- _DATASET_
* * *

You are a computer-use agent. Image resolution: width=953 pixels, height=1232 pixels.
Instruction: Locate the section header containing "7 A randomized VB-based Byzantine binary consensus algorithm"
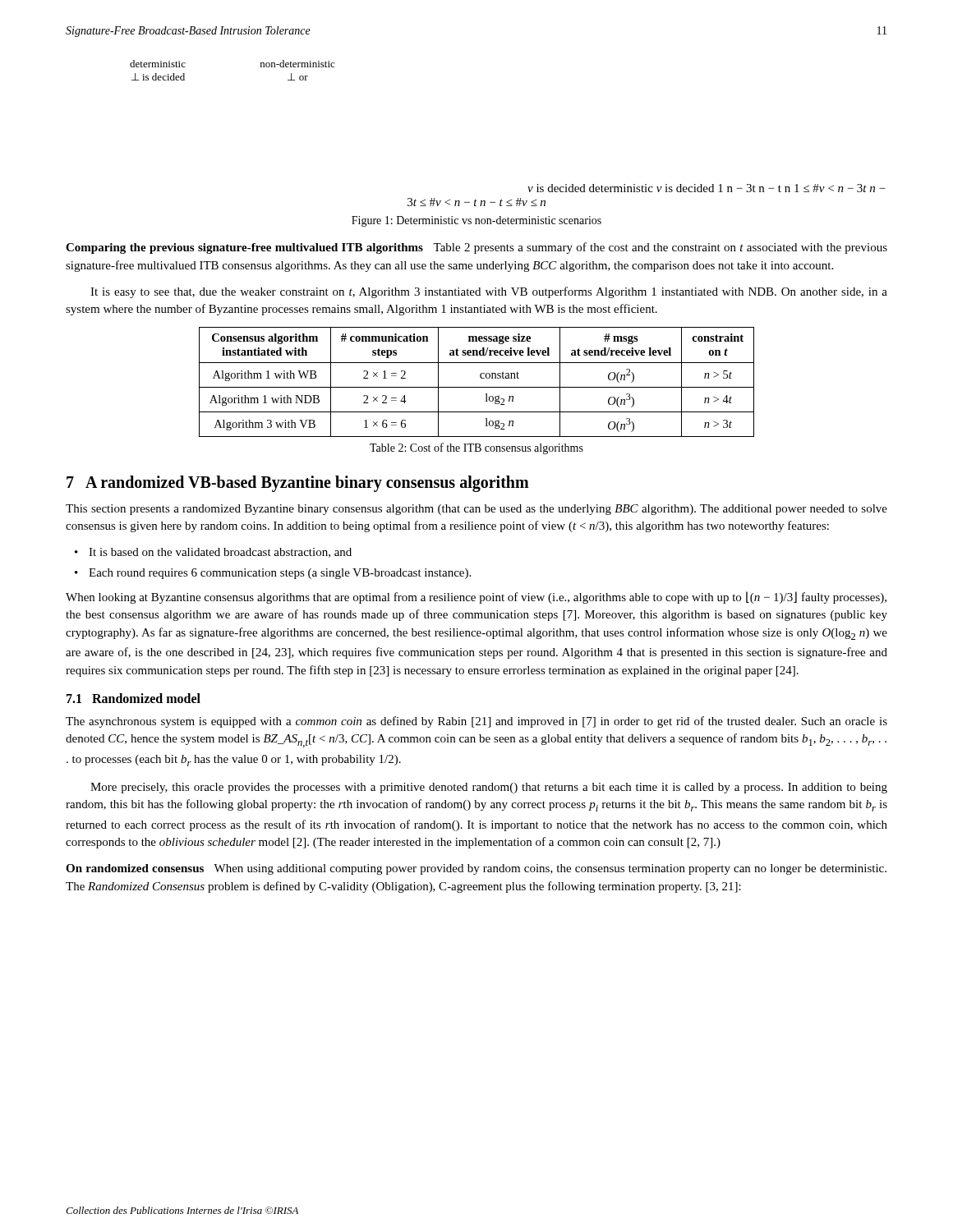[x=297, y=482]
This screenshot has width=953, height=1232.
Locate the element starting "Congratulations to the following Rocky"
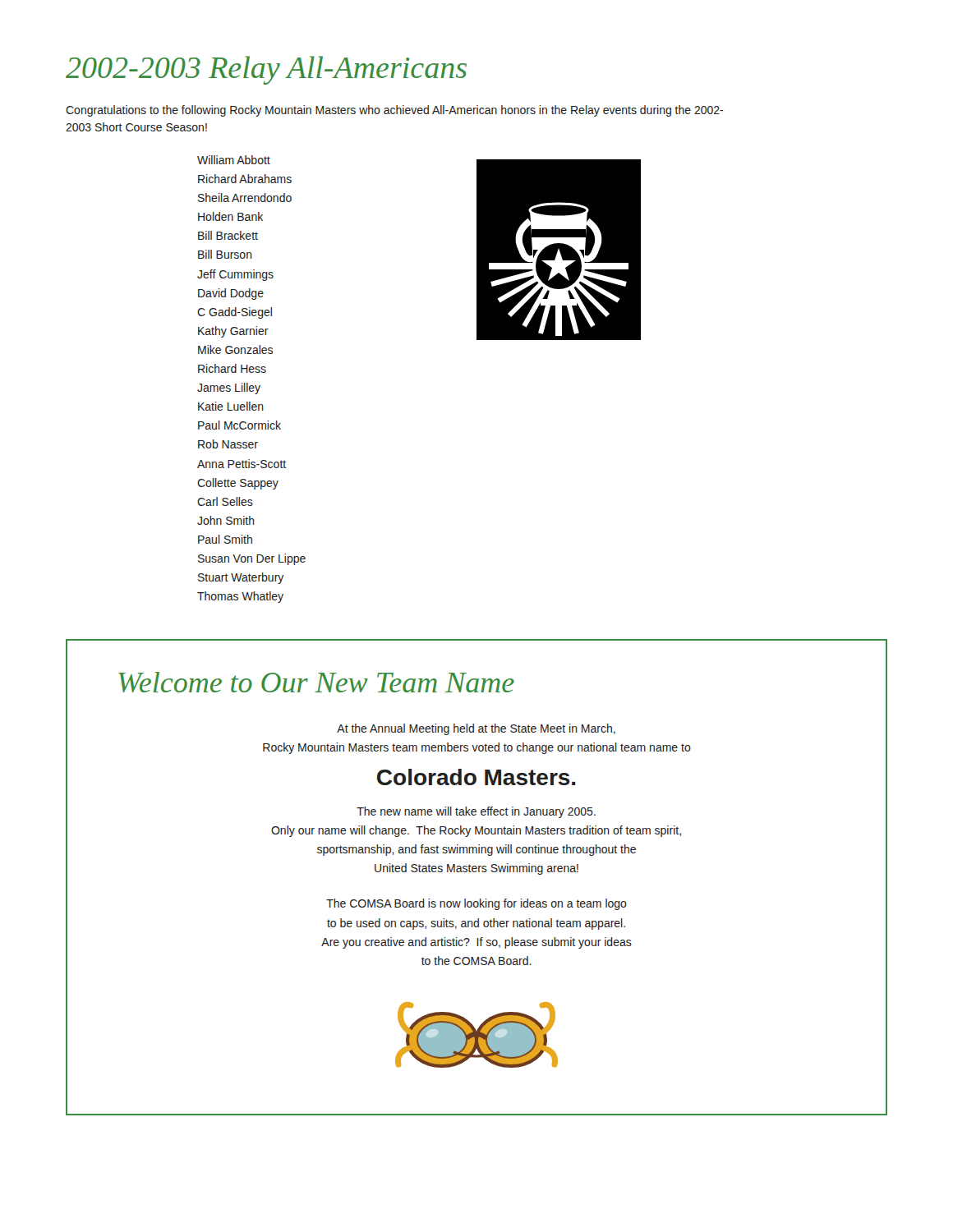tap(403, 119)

* * *

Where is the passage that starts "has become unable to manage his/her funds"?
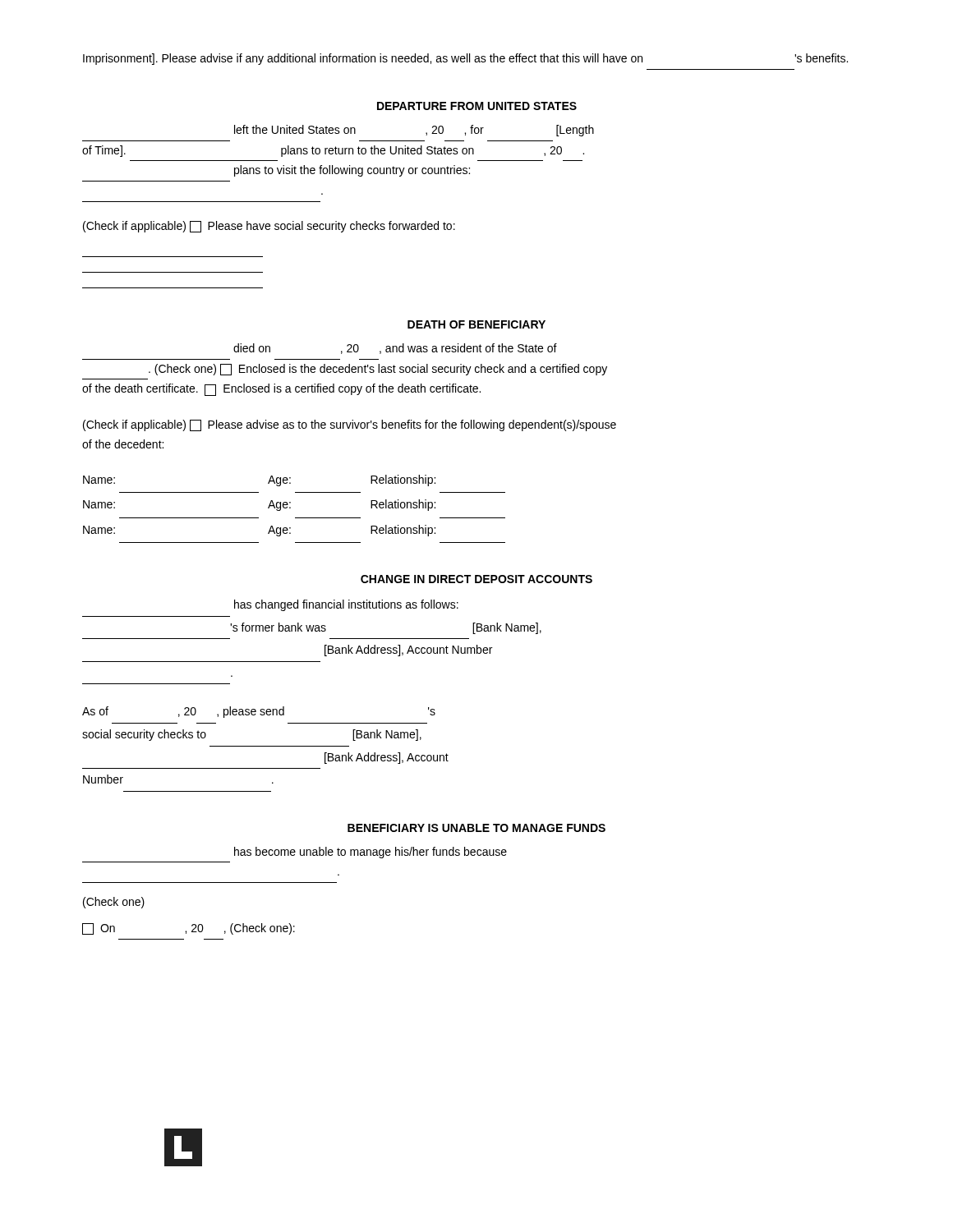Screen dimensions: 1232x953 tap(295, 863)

* * *

- _PROBLEM TO SOLVE_
Write out every line of the entries that holds the word "width".

- _TASK SOLUTION_
You are a computer-use agent. Image resolution: width=953 pixels, height=1232 pixels.
This screenshot has width=953, height=1232.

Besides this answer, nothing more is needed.